Postales de la revuelta

Hermann Bellinghausen

1968: Elegía al mimeógrafo

Cualquier persona menor de 40 años difícilmente sabe hoy qué era un mimeógrafo. La celebración circular y prominente del movimiento estudiantil de 1968 ha traído de vuelta el olor espeso de la tinta color chapopote que se exprimía de grandes tubos como de dentífrico para inyectarla en la maravillosa imprenta casera y portátil que multiplicaba las copias de un mecanoescrito grabado en el esténcil. ¿Xerox, faxes, archivos flotantes en la nube, impresoras digitales? Ni en ciencia ficción.

Para llegar al público, que en 1968 pasó a llamarse «las masas», la operación era posible, y desde las escuelas universitarias y politécnicas se disparaban diariamente millares de cuartillas u octavillas, volantes, tiras, caricaturas, periodiquitos, expresando lo que los jóvenes querían: aire para respirar. Se ha calculado en dos millones el número de publicaciones producidas por el movimiento y sus extensiones en sindicatos y grupos sociales.
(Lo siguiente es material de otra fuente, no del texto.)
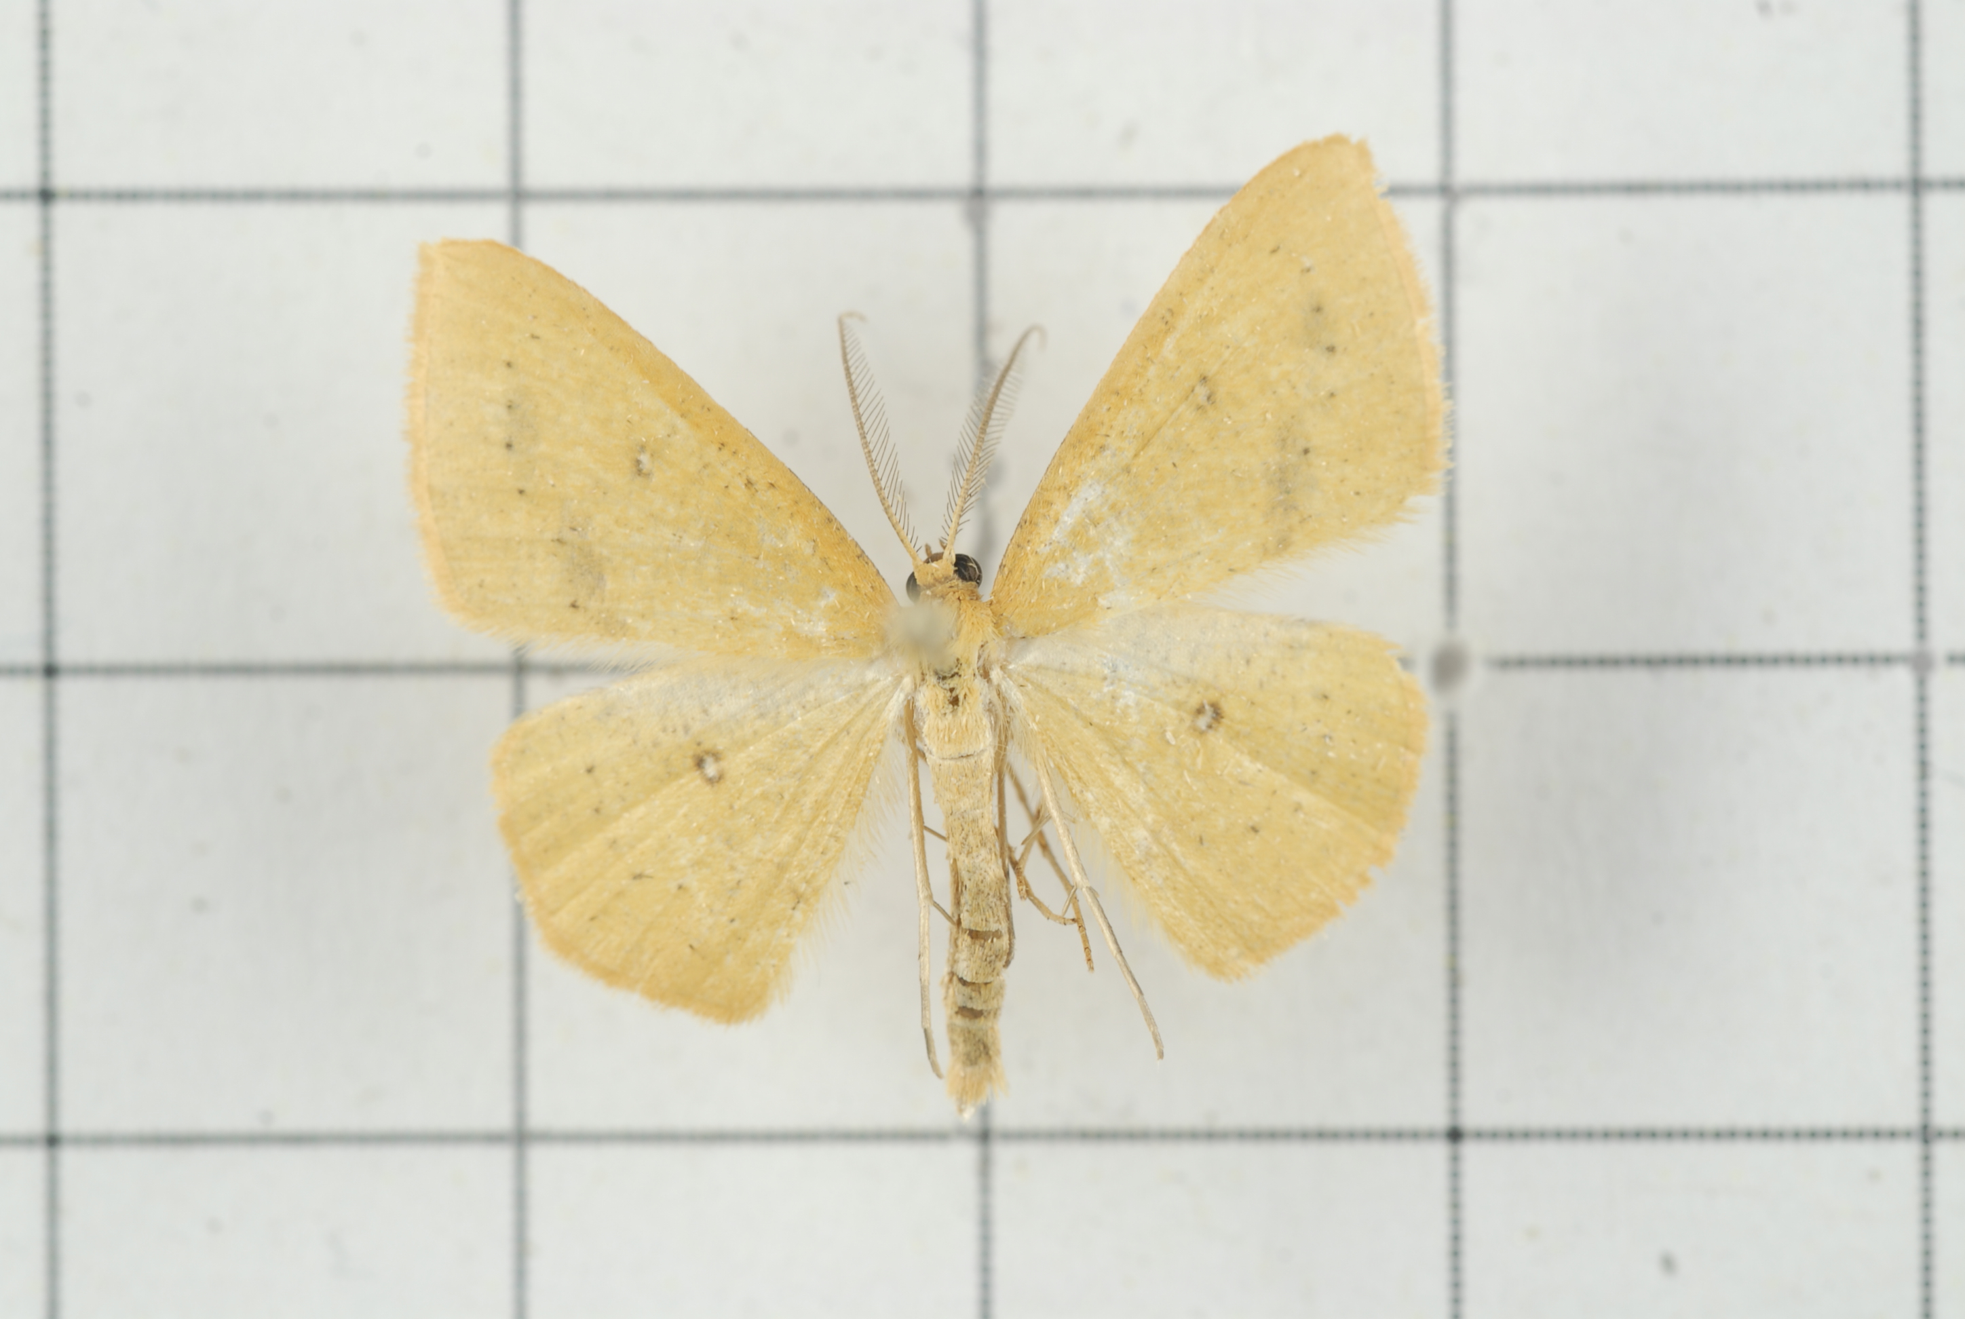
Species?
Anisephyra ocularia ocularia

Podrían ser más. Nunca como en esos meses de julio a noviembre de 1968 circuló una «prensa alternativa» más abundante. La primavera de nuestro samizdat. Y también el comienzo del deshielo a la mexicana.

Necesitamos imaginarnos un mundo donde no existían redes sociales, teléfonos móviles, aplicaciones, computadoras, ni la red misma. Donde descargas, copiar o transmitir un archivo dentro de un USB era una operación inimaginable. Y más, diseminarlo con un clic, dotado de hipervínculos e imagen móvil.

En 1968 no había más que la vía manual, fuera del radar (unplugged) de la muy paranoica Dirección Federal de Seguridad y de la ignorancia total pero furiosa del Ejército sobre quienes eran los jóvenes de las ciudades y qué querían. Según sus jefes: tirar al régimen, crear el caos, impedir los Juegos Olímpicos y cosas más inconfesables. La unanimidad paternalista y de mano firme depositada en el Señor Presidente ponía a su disposición todas las lealtades necesarias: los periódicos, las escuelas, la iglesia católica, las organizaciones cívicas y masónicas, los sindicatos centralizados y los intelectuales envejecidos del que se inauguraba como el nuevo ancien régime, con sus últimos revolucionarios convertidos ahora en reaccionarios. El Estado controlaba las cajas de resonancia. También la televisión se puso a prueba por primera vez a esa escala, y su respuesta fue: con el Presidente todo, con los estudiantes nada. Eran ensordecedores los sonidos del silencio.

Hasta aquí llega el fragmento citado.